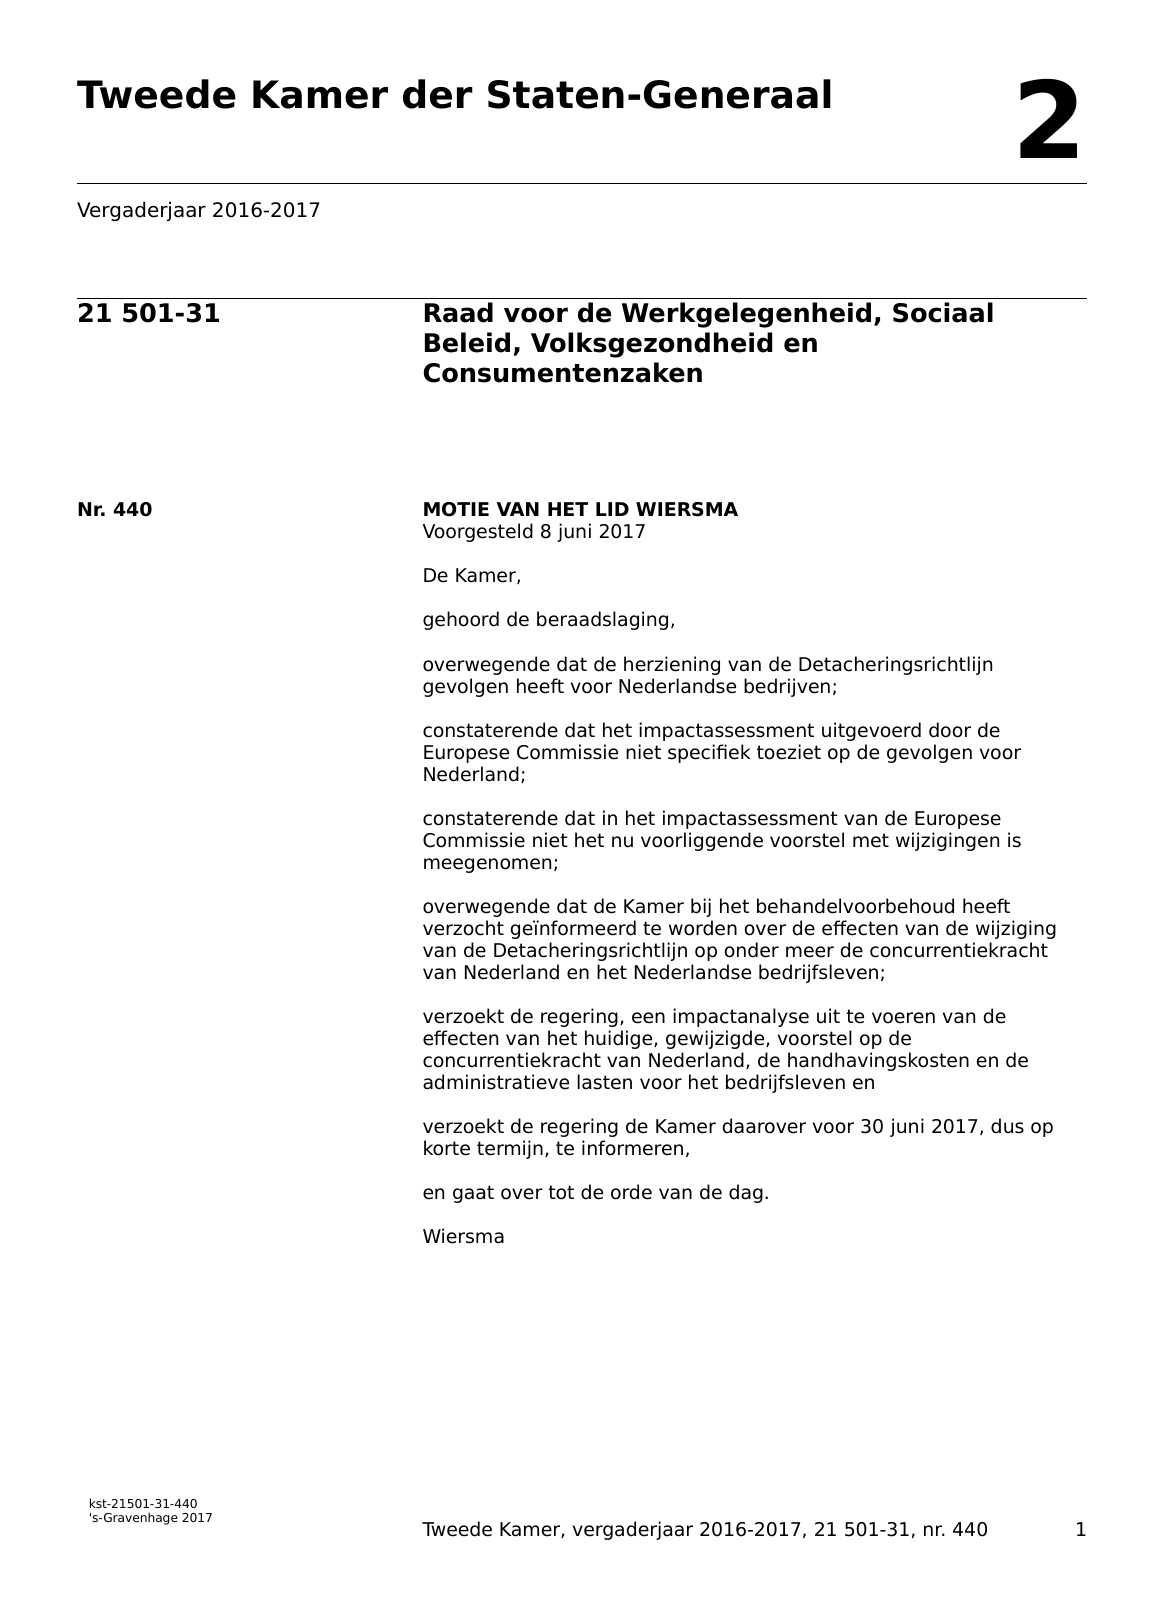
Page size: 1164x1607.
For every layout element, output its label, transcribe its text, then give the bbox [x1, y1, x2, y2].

text gehoord de beraadslaging, [422, 609, 1087, 631]
text overwegende dat de Kamer bij het behandelvoorbehoud heeft verzocht geïnformeerd te worden over de effecten van de wijziging van de Detacheringsrichtlijn op onder meer de concurrentiekracht van Nederland en het Nederlandse bedrijfsleven; [422, 896, 1087, 984]
text Wiersma [422, 1226, 1087, 1248]
text en gaat over tot de orde van de dag. [422, 1182, 1087, 1204]
text overwegende dat de herziening van de Detacheringsrichtlijn gevolgen heeft voor Nederlandse bedrijven; [422, 653, 1087, 697]
text kst-21501-31-440 [88, 1497, 323, 1511]
text 's-Gravenhage 2017 [88, 1511, 323, 1525]
text De Kamer, [422, 565, 1087, 587]
text verzoekt de regering, een impactanalyse uit te voeren van de effecten van het huidige, gewijzigde, voorstel op de concurrentiekracht van Nederland, de handhavingskosten en de administratieve lasten voor het bedrijfsleven en [422, 1006, 1087, 1094]
subtitle 21 501-31 Raad voor de Werkgelegenheid, Sociaal Beleid, Volksgezondheid en Consumentenzaken [77, 299, 1087, 388]
table_header Tweede Kamer der Staten-Generaal [77, 59, 886, 183]
text verzoekt de regering de Kamer daarover voor 30 juni 2017, dus op korte termijn, te informeren, [422, 1116, 1087, 1160]
text constaterende dat het impactassessment uitgevoerd door de Europese Commissie niet specifiek toeziet op de gevolgen voor Nederland; [422, 720, 1087, 786]
text Voorgesteld 8 juni 2017 [422, 521, 1087, 543]
table_header 2 [886, 59, 1087, 183]
text constaterende dat in het impactassessment van de Europese Commissie niet het nu voorliggende voorstel met wijzigingen is meegenomen; [422, 808, 1087, 874]
table_cell Vergaderjaar 2016-2017 [77, 184, 1087, 298]
subtitle Nr. 440 MOTIE VAN HET LID WIERSMA [77, 499, 1087, 521]
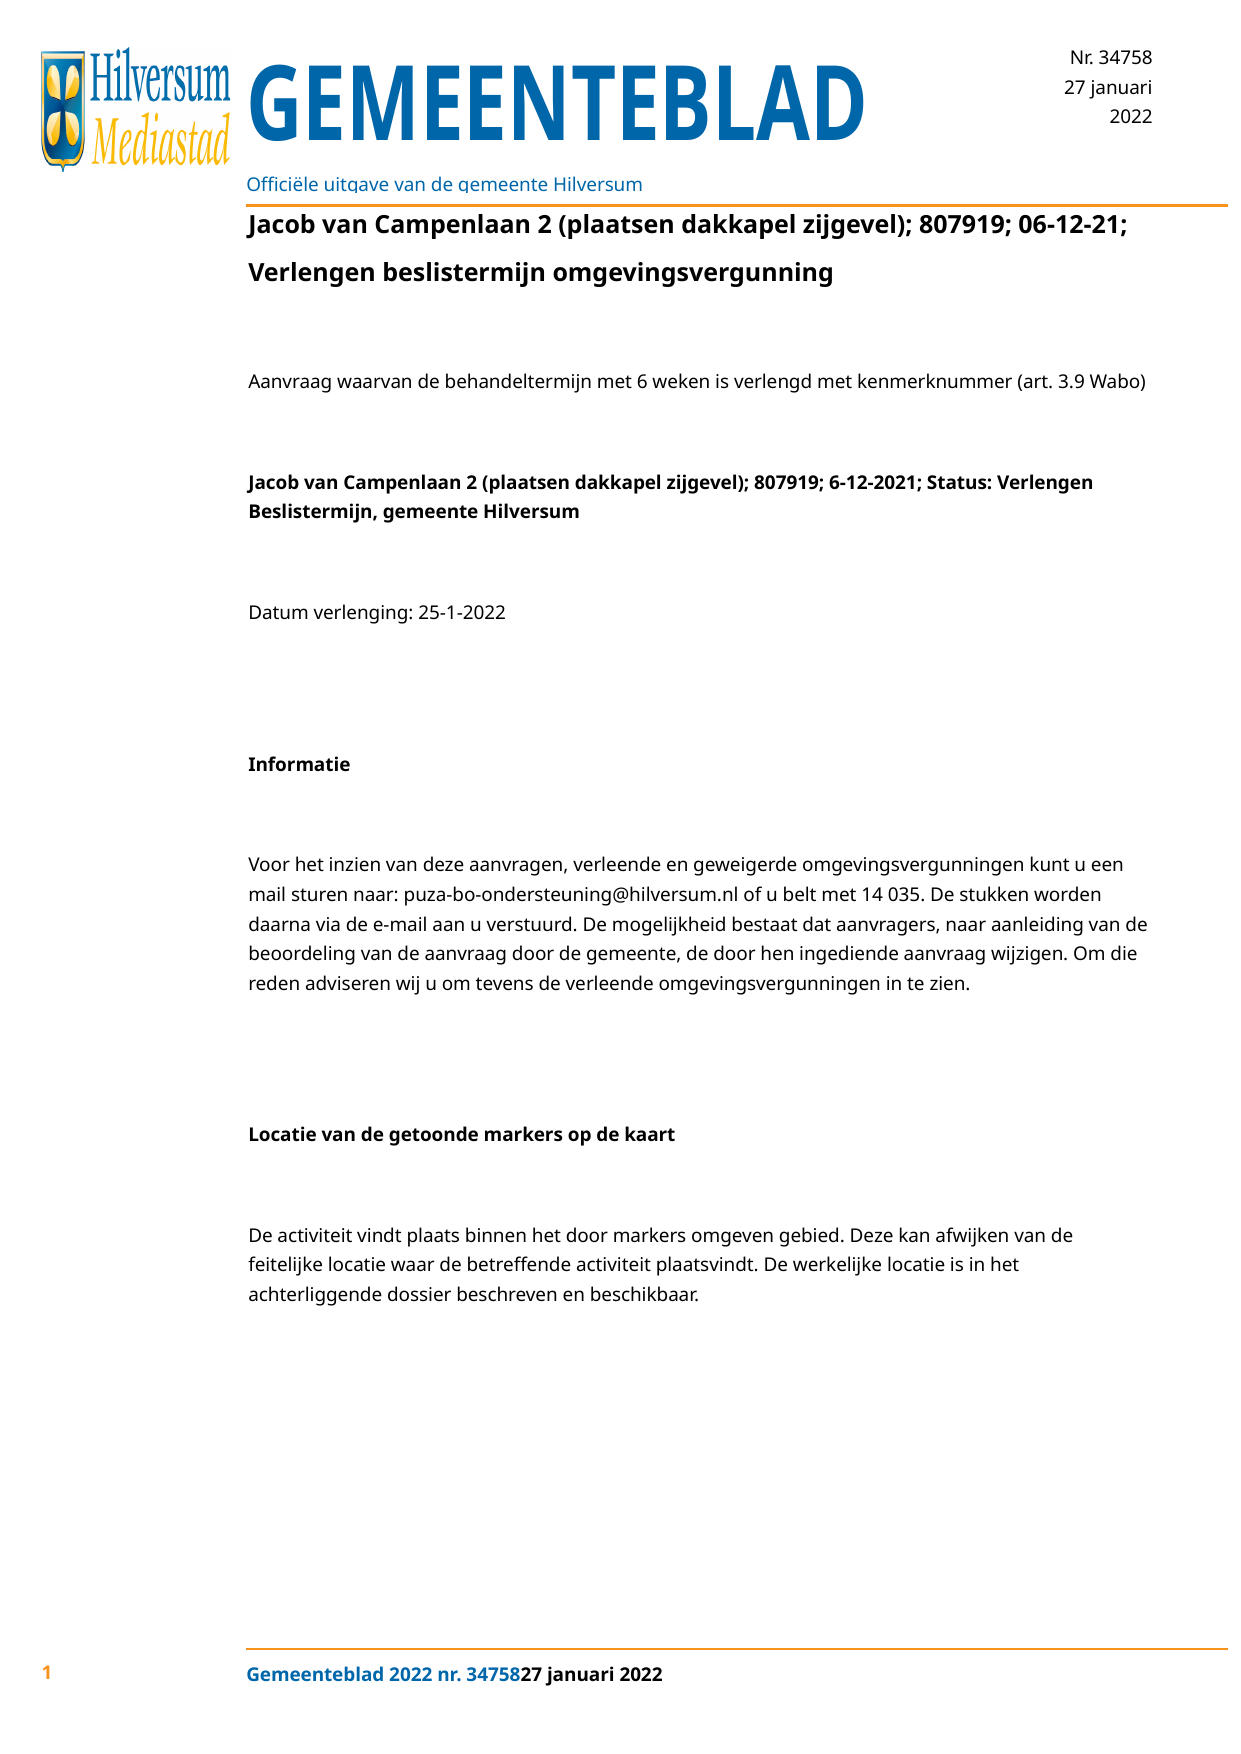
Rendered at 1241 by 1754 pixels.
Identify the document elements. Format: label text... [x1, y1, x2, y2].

* * * * * * *

Try it:
Please transcribe every entry exactly as written, leaving the pictures out.

Output below:
Page size: 1164x1607.
For every layout element, output its label, transcribe its text, then give the bbox [x1, y1, x2, y2].

text gehoord de beraadslaging, [422, 609, 1087, 631]
text overwegende dat de Kamer bij het behandelvoorbehoud heeft verzocht geïnformeerd te worden over de effecten van de wijziging van de Detacheringsrichtlijn op onder meer de concurrentiekracht van Nederland en het Nederlandse bedrijfsleven; [422, 896, 1087, 984]
text Wiersma [422, 1226, 1087, 1248]
text en gaat over tot de orde van de dag. [422, 1182, 1087, 1204]
text overwegende dat de herziening van de Detacheringsrichtlijn gevolgen heeft voor Nederlandse bedrijven; [422, 653, 1087, 697]
text kst-21501-31-440 [88, 1497, 323, 1511]
text 's-Gravenhage 2017 [88, 1511, 323, 1525]
text De Kamer, [422, 565, 1087, 587]
text verzoekt de regering, een impactanalyse uit te voeren van de effecten van het huidige, gewijzigde, voorstel op de concurrentiekracht van Nederland, de handhavingskosten en de administratieve lasten voor het bedrijfsleven en [422, 1006, 1087, 1094]
subtitle 21 501-31 Raad voor de Werkgelegenheid, Sociaal Beleid, Volksgezondheid en Consumentenzaken [77, 299, 1087, 388]
table_header Tweede Kamer der Staten-Generaal [77, 59, 886, 183]
text verzoekt de regering de Kamer daarover voor 30 juni 2017, dus op korte termijn, te informeren, [422, 1116, 1087, 1160]
text constaterende dat het impactassessment uitgevoerd door de Europese Commissie niet specifiek toeziet op de gevolgen voor Nederland; [422, 720, 1087, 786]
text Voorgesteld 8 juni 2017 [422, 521, 1087, 543]
table_header 2 [886, 59, 1087, 183]
text constaterende dat in het impactassessment van de Europese Commissie niet het nu voorliggende voorstel met wijzigingen is meegenomen; [422, 808, 1087, 874]
table_cell Vergaderjaar 2016-2017 [77, 184, 1087, 298]
subtitle Nr. 440 MOTIE VAN HET LID WIERSMA [77, 499, 1087, 521]
Rendered at 1241 by 1754 pixels.
Identify the document elements. Format: label text... [x1, y1, x2, y2].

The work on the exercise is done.